At the 38th Golden Raspberry Awards, Hawn was nominated for Worst Supporting Actress for her performance.

==Plot==
Recently fired from her job and dumped by her rock musician boyfriend, Emily Middleton is determined to enjoy a previously planned non-refundable trip to Ecuador. Learning of her relationship status from social media, her mother, Linda, tells her to come home in order to move on, where she reunites with her agoraphobic brother, Jeffrey. Initially refusing, Linda agrees to go on the trip with her daughter.

In Ecuador, after they check into the upscale hotel, Emily meets a handsome man named James at the hotel bar, and they begin a relationship. After one night of drinking and dancing with James, Emily and her mother take a sightseeing day trip with him. During their ride, a white van rams James' Jeep and the masked men abduct Emily and Linda. James escapes, but Linda suspects he was in on the kidnapping plot from the start. Emily awakens inside a cell and begins to panic, while Linda tries to calm herself by reading men's magazines. The leader, Hector Morgado, contacts Jeffrey and demands $100,000 in ransom money. Morgado then has his nephew take both women away from the kidnappers' hideout to another location. They manage to escape from their captors' car and stow away into a passing truck. As it drives away, Emily kills the leader's nephew who is chasing them by pounding his head with a shovel. The truck's driver then stops his truck and leaves them both in the middle of the jungle.

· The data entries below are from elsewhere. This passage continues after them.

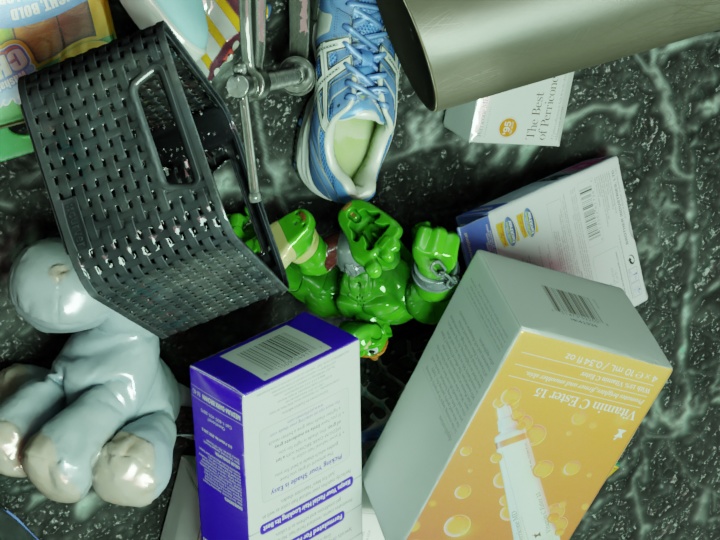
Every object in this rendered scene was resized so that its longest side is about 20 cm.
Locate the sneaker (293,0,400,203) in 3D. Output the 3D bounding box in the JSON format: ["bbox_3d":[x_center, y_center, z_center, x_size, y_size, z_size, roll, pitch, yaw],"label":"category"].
[{"bbox_3d":[0.003,-0.142,1.167,0.075,0.077,0.202,-2,109,-21],"label":"sneaker"}]

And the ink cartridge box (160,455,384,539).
[{"bbox_3d":[-0.057,0.232,1.296,0.198,0.085,0.147,7,108,-28],"label":"ink cartridge box"}]

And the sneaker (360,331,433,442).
[{"bbox_3d":[0.082,0.095,1.304,0.198,0.078,0.091,-23,124,-12],"label":"sneaker"}]

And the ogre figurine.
[{"bbox_3d":[0.000,0.000,1.182,0.198,0.099,0.120,-17,145,25],"label":"ogre figurine"}]

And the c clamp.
[{"bbox_3d":[-0.059,-0.149,1.078,0.027,0.200,0.173,-1,104,12],"label":"c clamp"}]

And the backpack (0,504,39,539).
[{"bbox_3d":[-0.321,0.204,1.107,0.201,0.189,0.154,55,46,-21],"label":"backpack"}]

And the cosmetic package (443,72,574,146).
[{"bbox_3d":[0.123,-0.195,1.212,0.082,0.051,0.202,1,111,-23],"label":"cosmetic package"}]

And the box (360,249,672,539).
[{"bbox_3d":[0.102,0.105,1.130,0.123,0.098,0.201,14,118,-24],"label":"box"}]

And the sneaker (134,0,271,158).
[{"bbox_3d":[-0.106,-0.156,1.115,0.089,0.075,0.202,3,111,-18],"label":"sneaker"}]

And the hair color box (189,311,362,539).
[{"bbox_3d":[-0.056,0.143,1.151,0.109,0.064,0.202,-23,123,-38],"label":"hair color box"}]

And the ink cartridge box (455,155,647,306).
[{"bbox_3d":[0.138,-0.004,1.244,0.199,0.042,0.121,-24,104,-45],"label":"ink cartridge box"}]

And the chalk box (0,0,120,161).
[{"bbox_3d":[-0.227,-0.162,1.031,0.123,0.124,0.202,-19,118,-14],"label":"chalk box"}]

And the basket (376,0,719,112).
[{"bbox_3d":[0.116,-0.197,1.095,0.198,0.181,0.137,-23,144,-5],"label":"basket"}]

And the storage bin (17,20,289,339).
[{"bbox_3d":[-0.120,-0.048,0.994,0.093,0.200,0.136,-20,77,4],"label":"storage bin"}]

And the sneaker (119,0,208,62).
[{"bbox_3d":[-0.122,-0.229,1.017,0.081,0.074,0.202,-23,83,21],"label":"sneaker"}]

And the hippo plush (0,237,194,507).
[{"bbox_3d":[-0.168,0.058,1.130,0.198,0.159,0.162,-1,112,-22],"label":"hippo plush"}]

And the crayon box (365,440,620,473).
[{"bbox_3d":[0.108,0.150,1.296,0.119,0.058,0.200,-42,144,14],"label":"crayon box"}]
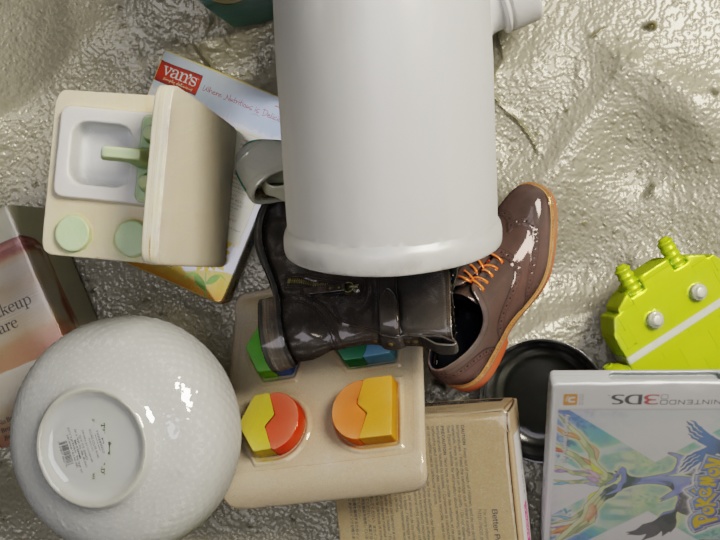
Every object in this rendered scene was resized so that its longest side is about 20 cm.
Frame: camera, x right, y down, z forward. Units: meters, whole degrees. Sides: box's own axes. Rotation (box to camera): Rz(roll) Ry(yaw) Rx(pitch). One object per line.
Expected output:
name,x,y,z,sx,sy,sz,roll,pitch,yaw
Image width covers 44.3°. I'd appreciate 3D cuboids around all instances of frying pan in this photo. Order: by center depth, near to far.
frying pan,0.149,0.150,0.808,0.115,0.031,0.191,30,104,10

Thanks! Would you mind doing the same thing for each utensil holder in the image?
utensil holder,0.020,-0.115,0.658,0.169,0.170,0.201,-1,107,6

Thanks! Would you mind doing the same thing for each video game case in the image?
video game case,0.249,0.168,0.754,0.181,0.022,0.201,-1,122,6

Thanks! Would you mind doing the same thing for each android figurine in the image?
android figurine,0.292,0.069,0.773,0.182,0.041,0.201,-30,96,-5

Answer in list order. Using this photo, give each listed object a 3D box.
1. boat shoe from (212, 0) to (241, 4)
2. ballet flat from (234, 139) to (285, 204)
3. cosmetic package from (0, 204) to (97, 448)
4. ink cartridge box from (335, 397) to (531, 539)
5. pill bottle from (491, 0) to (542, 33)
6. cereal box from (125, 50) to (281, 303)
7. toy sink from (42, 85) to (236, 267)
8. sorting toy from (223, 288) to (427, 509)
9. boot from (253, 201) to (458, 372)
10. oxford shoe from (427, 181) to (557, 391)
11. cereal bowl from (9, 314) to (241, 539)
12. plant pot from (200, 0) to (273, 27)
boat shoe,-0.060,-0.286,0.679,0.200,0.065,0.072,-37,85,15
ballet flat,-0.012,-0.084,0.789,0.199,0.069,0.070,-4,90,-9
cosmetic package,-0.313,0.050,0.828,0.103,0.087,0.201,-25,88,6
ink cartridge box,0.065,0.220,0.783,0.164,0.075,0.201,-5,90,17
pill bottle,0.050,-0.222,0.774,0.199,0.120,0.120,-22,88,5
cereal box,-0.153,-0.087,0.835,0.143,0.040,0.201,24,92,4
toy sink,-0.182,-0.071,0.717,0.111,0.200,0.131,5,91,5
sorting toy,-0.036,0.098,0.772,0.184,0.036,0.201,-10,61,17
boot,0.000,0.000,0.769,0.173,0.069,0.201,-13,55,9
oxford shoe,0.117,0.010,0.779,0.071,0.072,0.201,19,85,30
cereal bowl,-0.202,0.139,0.727,0.199,0.083,0.201,0,90,8
plant pot,-0.063,-0.313,0.778,0.199,0.141,0.142,-28,87,10
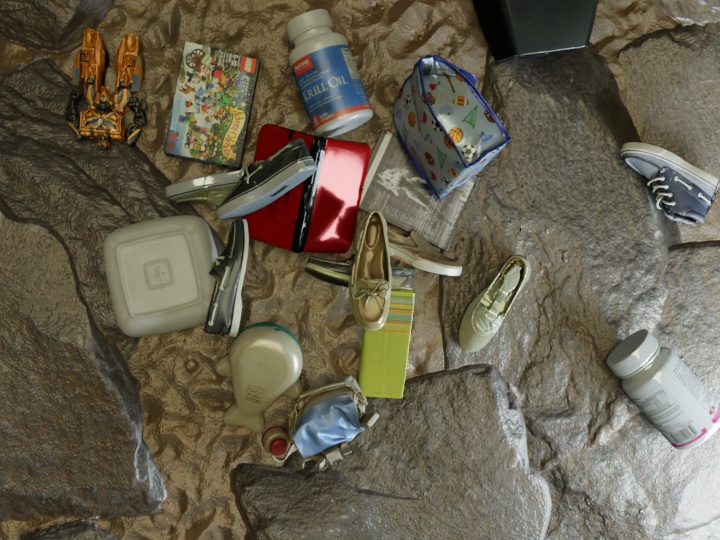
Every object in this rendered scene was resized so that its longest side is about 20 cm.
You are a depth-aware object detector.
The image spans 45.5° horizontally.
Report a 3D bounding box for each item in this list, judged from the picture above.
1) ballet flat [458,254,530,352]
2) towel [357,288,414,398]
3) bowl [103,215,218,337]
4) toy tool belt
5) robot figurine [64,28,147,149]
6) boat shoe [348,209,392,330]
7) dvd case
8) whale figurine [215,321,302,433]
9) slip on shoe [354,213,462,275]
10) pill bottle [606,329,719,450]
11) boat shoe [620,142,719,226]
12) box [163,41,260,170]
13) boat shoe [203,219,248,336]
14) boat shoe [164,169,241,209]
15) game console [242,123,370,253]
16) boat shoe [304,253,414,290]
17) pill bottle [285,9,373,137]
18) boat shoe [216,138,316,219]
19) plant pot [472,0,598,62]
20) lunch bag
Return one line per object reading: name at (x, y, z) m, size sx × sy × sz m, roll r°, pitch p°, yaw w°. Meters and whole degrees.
ballet flat at (0.241, 0.057, 1.537) m, size 0.069 × 0.069 × 0.201 m, roll 32°, pitch 86°, yaw -3°
towel at (0.043, 0.128, 1.513) m, size 0.085 × 0.018 × 0.203 m, roll 4°, pitch 105°, yaw -4°
bowl at (-0.344, 0.006, 1.490) m, size 0.197 × 0.075 × 0.203 m, roll -12°, pitch 87°, yaw -6°
toy tool belt at (-0.070, 0.272, 1.460) m, size 0.199 × 0.123 × 0.126 m, roll -31°, pitch 117°, yaw -6°
robot figurine at (-0.443, -0.313, 1.499) m, size 0.143 × 0.058 × 0.203 m, roll 4°, pitch 87°, yaw -3°
boat shoe at (0.016, -0.001, 1.451) m, size 0.072 × 0.063 × 0.203 m, roll -1°, pitch 79°, yaw -4°
dvd case at (0.097, -0.145, 1.558) m, size 0.198 × 0.016 × 0.150 m, roll 25°, pitch 86°, yaw -4°
whale figurine at (-0.175, 0.182, 1.496) m, size 0.157 × 0.104 × 0.202 m, roll 17°, pitch 111°, yaw -7°
slip on shoe at (0.090, -0.044, 1.526) m, size 0.198 × 0.076 × 0.061 m, roll 19°, pitch 97°, yaw 4°
pill bottle at (0.540, 0.210, 1.531) m, size 0.113 × 0.113 × 0.200 m, roll -42°, pitch 92°, yaw -5°
boat shoe at (0.555, -0.155, 1.564) m, size 0.198 × 0.075 × 0.094 m, roll 23°, pitch 79°, yaw -4°
box at (-0.262, -0.291, 1.524) m, size 0.135 × 0.038 × 0.203 m, roll 10°, pitch 87°, yaw -4°
boat shoe at (-0.226, 0.010, 1.452) m, size 0.060 × 0.076 × 0.203 m, roll 7°, pitch 79°, yaw -14°
boat shoe at (-0.241, -0.139, 1.505) m, size 0.198 × 0.072 × 0.063 m, roll -11°, pitch 96°, yaw -7°
game console at (-0.096, -0.141, 1.502) m, size 0.171 × 0.119 × 0.202 m, roll 17°, pitch 104°, yaw 17°
boat shoe at (0.001, 0.000, 1.521) m, size 0.199 × 0.072 × 0.067 m, roll 15°, pitch 81°, yaw -9°
pill bottle at (-0.061, -0.345, 1.505) m, size 0.111 × 0.112 × 0.202 m, roll -21°, pitch 89°, yaw -5°
boat shoe at (-0.165, -0.152, 1.424) m, size 0.198 × 0.073 × 0.069 m, roll -29°, pitch 80°, yaw 29°
plant pot at (0.306, -0.467, 1.507) m, size 0.197 × 0.200 × 0.180 m, roll -8°, pitch 99°, yaw -5°
lunch bag at (0.144, -0.254, 1.480) m, size 0.123 × 0.170 × 0.201 m, roll -33°, pitch 84°, yaw -21°
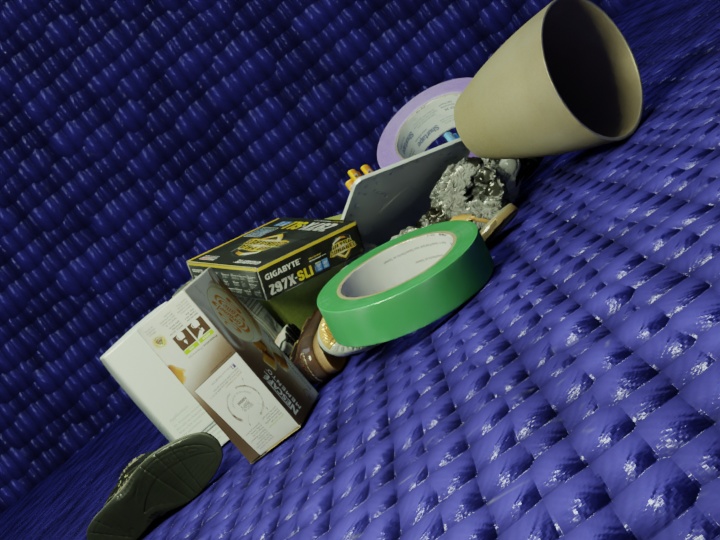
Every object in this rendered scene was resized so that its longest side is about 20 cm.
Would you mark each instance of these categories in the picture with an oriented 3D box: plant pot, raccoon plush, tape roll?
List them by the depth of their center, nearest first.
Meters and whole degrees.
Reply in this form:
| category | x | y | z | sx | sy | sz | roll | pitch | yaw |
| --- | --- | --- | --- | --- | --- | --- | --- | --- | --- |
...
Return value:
| category | x | y | z | sx | sy | sz | roll | pitch | yaw |
| --- | --- | --- | --- | --- | --- | --- | --- | --- | --- |
| tape roll | 0.050 | 0.013 | 1.436 | 0.200 | 0.048 | 0.200 | -24 | 16 | 7 |
| plant pot | 0.218 | -0.219 | 1.615 | 0.200 | 0.188 | 0.187 | -22 | 16 | 46 |
| raccoon plush | 0.131 | -0.098 | 1.745 | 0.199 | 0.097 | 0.134 | -22 | 4 | 15 |
| tape roll | 0.125 | -0.189 | 1.887 | 0.200 | 0.066 | 0.200 | -23 | 40 | 21 |
| plant pot | -0.048 | 0.001 | 1.891 | 0.184 | 0.201 | 0.200 | -22 | 14 | 34 |

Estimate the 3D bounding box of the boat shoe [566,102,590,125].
| category | x | y | z | sx | sy | sz | roll | pitch | yaw |
| --- | --- | --- | --- | --- | --- | --- | --- | --- | --- |
| boat shoe | 0.234 | -0.188 | 1.736 | 0.200 | 0.065 | 0.072 | 1 | 75 | 40 |

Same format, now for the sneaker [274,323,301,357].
| category | x | y | z | sx | sy | sz | roll | pitch | yaw |
| --- | --- | --- | --- | --- | --- | --- | --- | --- | --- |
| sneaker | -0.107 | 0.131 | 1.687 | 0.080 | 0.074 | 0.200 | -40 | 4 | 16 |

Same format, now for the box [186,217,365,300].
| category | x | y | z | sx | sy | sz | roll | pitch | yaw |
| --- | --- | --- | --- | --- | --- | --- | --- | --- | --- |
| box | -0.113 | -0.018 | 1.684 | 0.159 | 0.050 | 0.200 | -25 | 16 | -29 |

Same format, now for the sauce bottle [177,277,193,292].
| category | x | y | z | sx | sy | sz | roll | pitch | yaw |
| --- | --- | --- | --- | --- | --- | --- | --- | --- | --- |
| sauce bottle | -0.180 | 0.089 | 1.843 | 0.065 | 0.200 | 0.065 | -38 | 4 | 3 |

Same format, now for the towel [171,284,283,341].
| category | x | y | z | sx | sy | sz | roll | pitch | yaw |
| --- | --- | --- | --- | --- | --- | --- | --- | --- | --- |
| towel | -0.165 | 0.088 | 1.750 | 0.035 | 0.200 | 0.193 | -43 | 2 | 30 |

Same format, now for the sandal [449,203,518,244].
| category | x | y | z | sx | sy | sz | roll | pitch | yaw |
| --- | --- | --- | --- | --- | --- | --- | --- | --- | --- |
| sandal | 0.122 | -0.039 | 1.628 | 0.080 | 0.054 | 0.200 | -42 | 5 | -36 |

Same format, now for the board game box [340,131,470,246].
| category | x | y | z | sx | sy | sz | roll | pitch | yaw |
| --- | --- | --- | --- | --- | --- | --- | --- | --- | --- |
| board game box | 0.047 | -0.099 | 1.734 | 0.200 | 0.026 | 0.200 | -24 | -25 | -28 |

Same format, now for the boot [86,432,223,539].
| category | x | y | z | sx | sy | sz | roll | pitch | yaw |
| --- | --- | --- | --- | --- | --- | --- | --- | --- | --- |
| boot | -0.245 | 0.249 | 1.589 | 0.203 | 0.073 | 0.154 | -42 | 9 | 11 |

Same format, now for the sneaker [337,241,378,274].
| category | x | y | z | sx | sy | sz | roll | pitch | yaw |
| --- | --- | --- | --- | --- | --- | --- | --- | --- | --- |
| sneaker | 0.000 | 0.000 | 1.705 | 0.075 | 0.087 | 0.200 | -44 | -14 | 14 |

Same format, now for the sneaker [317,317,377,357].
| category | x | y | z | sx | sy | sz | roll | pitch | yaw |
| --- | --- | --- | --- | --- | --- | --- | --- | --- | --- |
| sneaker | 0.004 | 0.065 | 1.569 | 0.200 | 0.076 | 0.088 | -38 | -12 | -51 |

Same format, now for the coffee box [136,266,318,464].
| category | x | y | z | sx | sy | sz | roll | pitch | yaw |
| --- | --- | --- | --- | --- | --- | --- | --- | --- | --- |
| coffee box | -0.148 | 0.106 | 1.465 | 0.080 | 0.200 | 0.114 | -39 | 4 | 17 |

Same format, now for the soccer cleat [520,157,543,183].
| category | x | y | z | sx | sy | sz | roll | pitch | yaw |
| --- | --- | --- | --- | --- | --- | --- | --- | --- | --- |
| soccer cleat | 0.207 | -0.134 | 1.864 | 0.200 | 0.068 | 0.081 | -46 | 15 | 1 |

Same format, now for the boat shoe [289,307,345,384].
| category | x | y | z | sx | sy | sz | roll | pitch | yaw |
| --- | --- | --- | --- | --- | --- | --- | --- | --- | --- |
| boat shoe | -0.050 | 0.089 | 1.644 | 0.070 | 0.070 | 0.200 | -33 | 7 | 21 |

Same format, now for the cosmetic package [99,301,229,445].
| category | x | y | z | sx | sy | sz | roll | pitch | yaw |
| --- | --- | --- | --- | --- | --- | --- | --- | --- | --- |
| cosmetic package | -0.259 | 0.159 | 1.811 | 0.123 | 0.200 | 0.199 | -40 | 5 | -12 |
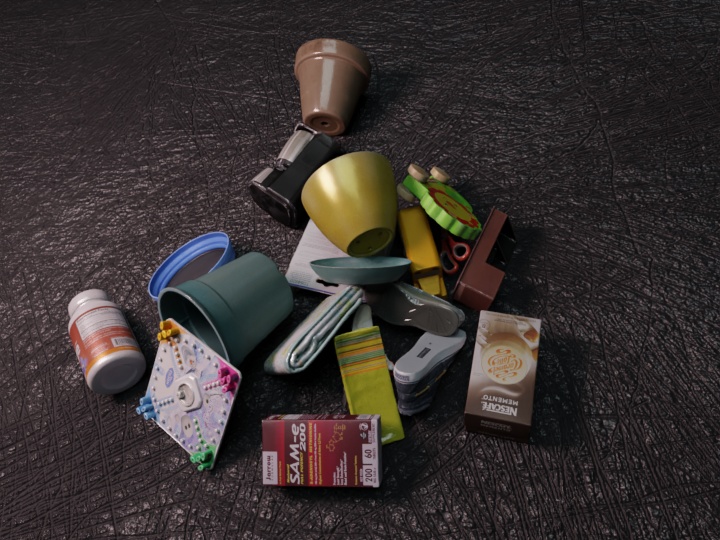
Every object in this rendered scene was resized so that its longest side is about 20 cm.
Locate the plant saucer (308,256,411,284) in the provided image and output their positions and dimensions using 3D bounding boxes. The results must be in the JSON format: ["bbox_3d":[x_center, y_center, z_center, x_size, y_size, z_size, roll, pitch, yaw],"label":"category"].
[{"bbox_3d":[0.000,0.000,1.134,0.196,0.200,0.037,0,97,9],"label":"plant saucer"}]

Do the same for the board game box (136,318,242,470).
[{"bbox_3d":[-0.312,0.220,1.062,0.198,0.026,0.203,30,109,27],"label":"board game box"}]

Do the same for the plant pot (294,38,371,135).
[{"bbox_3d":[-0.077,-0.442,1.490,0.196,0.201,0.178,4,72,12],"label":"plant pot"}]

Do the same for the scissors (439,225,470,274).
[{"bbox_3d":[0.176,-0.069,1.274,0.073,0.014,0.201,-45,38,18],"label":"scissors"}]

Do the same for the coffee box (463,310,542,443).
[{"bbox_3d":[0.252,0.183,1.048,0.112,0.080,0.203,7,56,14],"label":"coffee box"}]

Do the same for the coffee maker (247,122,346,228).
[{"bbox_3d":[-0.125,-0.206,1.343,0.190,0.136,0.202,21,64,29],"label":"coffee maker"}]

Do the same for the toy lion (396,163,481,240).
[{"bbox_3d":[0.178,-0.137,1.242,0.191,0.199,0.069,44,115,17],"label":"toy lion"}]

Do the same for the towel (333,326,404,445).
[{"bbox_3d":[0.015,0.204,1.044,0.084,0.018,0.204,-13,85,-6],"label":"towel"}]

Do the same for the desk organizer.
[{"bbox_3d":[0.256,-0.020,1.190,0.076,0.072,0.202,26,62,9],"label":"desk organizer"}]

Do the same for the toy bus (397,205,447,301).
[{"bbox_3d":[0.125,-0.029,1.219,0.064,0.079,0.203,-11,54,1],"label":"toy bus"}]

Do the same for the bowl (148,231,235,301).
[{"bbox_3d":[-0.351,-0.001,1.255,0.197,0.040,0.202,-21,34,15],"label":"bowl"}]

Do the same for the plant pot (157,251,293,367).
[{"bbox_3d":[-0.243,0.074,1.129,0.198,0.203,0.195,28,45,26],"label":"plant pot"}]

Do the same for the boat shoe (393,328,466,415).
[{"bbox_3d":[0.125,0.178,1.084,0.070,0.093,0.199,16,30,36],"label":"boat shoe"}]

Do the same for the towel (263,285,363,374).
[{"bbox_3d":[-0.087,0.116,1.106,0.048,0.171,0.200,47,66,-5],"label":"towel"}]

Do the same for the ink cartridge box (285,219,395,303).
[{"bbox_3d":[-0.043,-0.025,1.265,0.196,0.041,0.202,12,58,16],"label":"ink cartridge box"}]

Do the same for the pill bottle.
[{"bbox_3d":[-0.509,0.136,1.182,0.111,0.113,0.201,-31,56,-13],"label":"pill bottle"}]

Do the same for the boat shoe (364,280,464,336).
[{"bbox_3d":[0.101,0.067,1.142,0.199,0.076,0.064,16,15,24],"label":"boat shoe"}]

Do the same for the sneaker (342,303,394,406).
[{"bbox_3d":[0.020,0.161,1.116,0.091,0.071,0.203,8,57,0],"label":"sneaker"}]

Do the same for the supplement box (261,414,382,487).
[{"bbox_3d":[-0.063,0.300,1.002,0.196,0.061,0.111,-3,85,8],"label":"supplement box"}]

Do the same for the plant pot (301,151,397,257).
[{"bbox_3d":[-0.003,-0.114,1.186,0.197,0.201,0.144,-20,64,-6],"label":"plant pot"}]
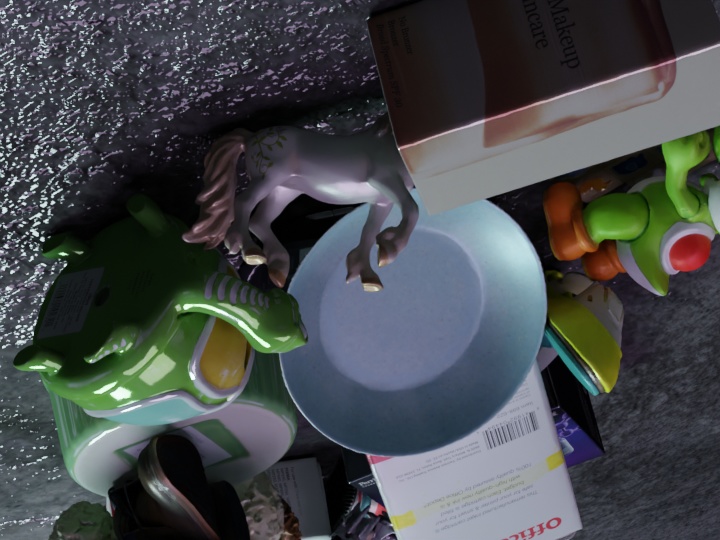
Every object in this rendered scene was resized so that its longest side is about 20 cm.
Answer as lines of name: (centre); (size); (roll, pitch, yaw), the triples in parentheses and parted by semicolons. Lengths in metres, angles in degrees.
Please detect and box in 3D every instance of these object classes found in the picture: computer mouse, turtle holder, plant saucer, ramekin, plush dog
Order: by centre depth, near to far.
turtle holder: (-0.127, 0.030, 1.148); (0.185, 0.141, 0.132); (-35, 130, 21)
plant saucer: (0.033, 0.032, 1.203); (0.200, 0.039, 0.202); (-7, 113, -17)
computer mouse: (0.000, 0.000, 1.248); (0.199, 0.046, 0.141); (-17, 139, -12)
ramekin: (-0.142, 0.099, 1.314); (0.199, 0.098, 0.200); (-10, 151, -6)
plush dog: (-0.137, 0.231, 1.452); (0.200, 0.172, 0.160); (42, 154, -22)

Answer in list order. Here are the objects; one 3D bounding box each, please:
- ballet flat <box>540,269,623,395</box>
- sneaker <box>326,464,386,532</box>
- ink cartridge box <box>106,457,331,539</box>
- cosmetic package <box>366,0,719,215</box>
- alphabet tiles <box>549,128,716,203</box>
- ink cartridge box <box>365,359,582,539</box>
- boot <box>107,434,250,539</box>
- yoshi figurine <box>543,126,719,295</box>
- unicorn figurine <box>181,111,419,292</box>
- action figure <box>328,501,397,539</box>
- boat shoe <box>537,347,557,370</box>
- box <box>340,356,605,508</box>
ballet flat: (0.160, 0.035, 1.280); (0.067, 0.200, 0.067); (-38, 105, -2)
sneaker: (0.003, 0.254, 1.676); (0.093, 0.071, 0.200); (4, 145, -16)
ink cartridge box: (-0.135, 0.252, 1.602); (0.199, 0.085, 0.145); (-6, 150, -13)
cosmetic package: (0.115, -0.121, 1.030); (0.199, 0.104, 0.087); (-18, 149, 7)
alphabet tiles: (0.192, -0.107, 1.186); (0.166, 0.006, 0.200); (-30, 147, 27)
ink cartridge box: (0.078, 0.139, 1.336); (0.144, 0.084, 0.201); (-21, 128, -3)
boot: (-0.153, 0.183, 1.280); (0.096, 0.075, 0.200); (-19, 153, 5)
yoshi figurine: (0.234, -0.062, 1.208); (0.199, 0.113, 0.112); (-14, 114, 31)
unicorn figurine: (-0.006, -0.055, 1.094); (0.199, 0.138, 0.074); (12, 152, -11)
action figure: (-0.006, 0.279, 1.569); (0.130, 0.069, 0.200); (-44, 162, -5)
boat shoe: (0.095, 0.080, 1.406); (0.200, 0.067, 0.074); (-42, -178, 6)
box: (0.097, 0.143, 1.517); (0.199, 0.079, 0.141); (-22, 147, 16)

They find a phone at a nearby bar, where they call the U.S. State Department officer Morgan Russell, saying that they are in peril, and Morgan advises them to go to the US Embassy in Bogotá, Colombia. They meet a rugged-looking American named Roger Simmons. He agrees to help them find the consulate. After the three share a meal, Morgado and his men track them down. Morgado is about to kill them both as revenge for his only nephew's death, but Linda distracts him while Emily retrieves a nearby spear gun with which to threaten him. As she retrieves it, she accidentally fires it, killing Morgado's only son. They manage to escape with Simmons onto a boat. Soon, however, they are forced off the boat when the captain detects another boat nearby that is looking for the two women.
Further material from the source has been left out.